The Gaussian smoothing operator is a 2-D convolution operator that is used to `blur' images and remove detail and noise. In this sense it is similar to the mean filter, but it uses a different kernel that represents the shape of a Gaussian (`bell-shaped') hump. This kernel has some special properties which are detailed below.

The idea of Gaussian smoothing is to use this 2-D distribution as a `point-spread' function, and this is achieved by convolution. Since the image is stored as a collection of discrete pixels we need to produce a discrete approximation to the Gaussian function before we can perform the convolution. In theory, the Gaussian distribution is non-zero everywhere, which would require an infinitely large convolution mask, but in practice it is effectively zero more than about three standard deviations from the mean, and so we can truncate the mask at this point.[10]

2.11. FACE IDENTIFICATION.

Face identification is very important in security, surveillance and telecommunication applications. The proposed algorithm will be used for face tracking in video surveillance system. In most cases the quality and resolution of the recorded image-segments is poor and hard to identify a face. For this reason, surveillance projects often use additional zooming cameras to focus on region of interests. Disturbing effects might distort recordings such as variations in illuminations, in pose or occlusions. Due to the acquisition conditions the size of the face images is smaller (sometimes much smaller) than the input image size in most of the existing face recognition systems. For example, the valid face region could be as small as 15×15 pixels, whereas the face images used in still image based systems are

at least 128 ×128 . Small-size images not only make the recognition task difficult, but also affect the accuracy of face segmentation.
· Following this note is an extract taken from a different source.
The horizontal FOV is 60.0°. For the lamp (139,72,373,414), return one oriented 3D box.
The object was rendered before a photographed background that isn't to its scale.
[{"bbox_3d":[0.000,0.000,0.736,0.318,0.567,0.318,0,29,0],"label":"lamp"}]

In our approach we assume that the human head is detected and localized. The task is divided into the following sub-tasks. First some features are extracted to estimate the procession of the picture .Than the digital image is transformed to create edges on the boundary of digital image, in which the face is surrounded and scaled to a standard size. At last searching the most similar face in a database makes the identification of face.

CHAPTER 3. RESEARCH METHODOLOGY.

This chapter deals with method used in conducting this project, the materials and equipments used, including origin and standard specifications.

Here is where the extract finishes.